BERLIN taz ■ Der vermeintliche Käufer ein FBI-Agent, der Verkauf vom russischen Geheimdienst arrangiert, die tragbare Luftabwehrrakete unschädlich gemacht: Nur der Zwischenhändler scheint echt gewesen zu sein in einer skurrilen russisch-amerikanischen Geheimdienstaktion, die am Dienstag im US-Bundesstaat New Jersey mit der Festnahme eines britischen Staatsbürgers endete.

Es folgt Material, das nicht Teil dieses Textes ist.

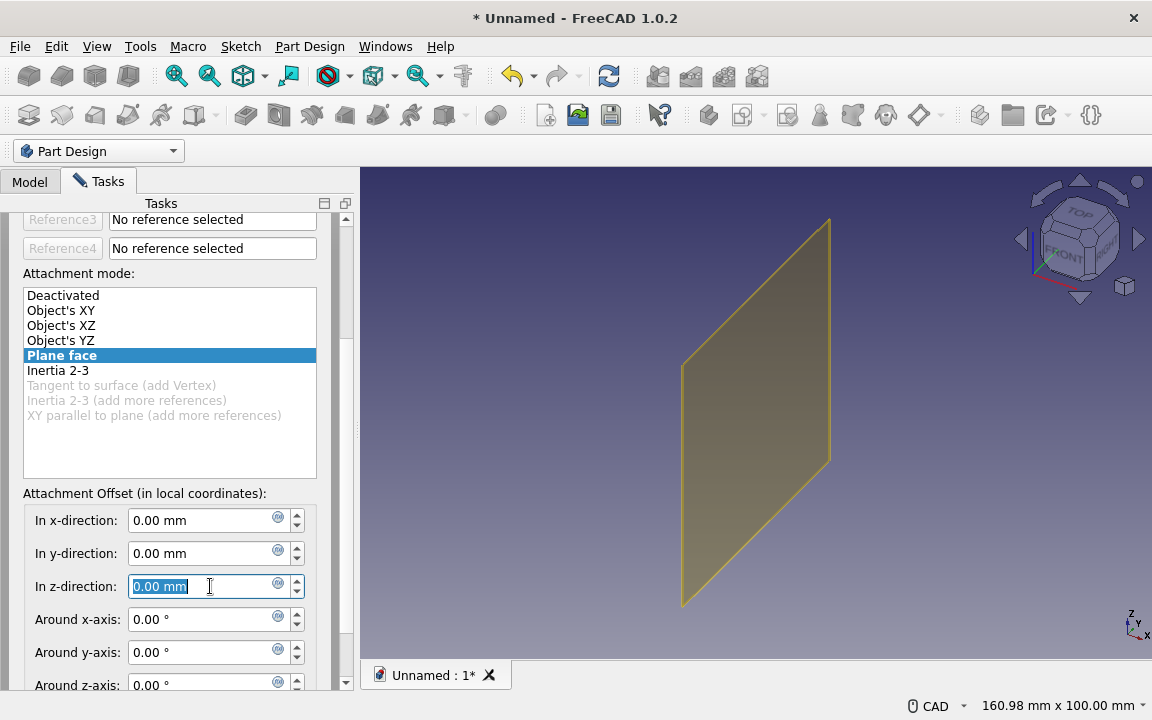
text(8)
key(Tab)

Die Informationen, die bislang über britische und US-amerikanische Medien an die Öffentlichkeit gerieten, deuten darauf hin, dass sich der britische Waffenhändler Hekmat Lakhani in Großbritannien nach potenziellen Abnehmern für eine „SA-18 Grouse“ umhörte – die neueste Version einer von der Schulter abgefeuerten Abwehrrakete aus russischer Produktion (siehe Kasten). Offenbar blieb sein Werben aber ohne Erfolg – bis FBI-Agenten Kontakt mit ihm aufnahmen und sich als Anhänger der al-Qaida ausgaben. Spätestens seit im vergangenen November eine israelische Passagiermaschine in Kenia einem Anschlag mit einer tragbaren Luftabwehrrakete nur knapp entging, fürchten die US-Behörden weitere solche Einsätze.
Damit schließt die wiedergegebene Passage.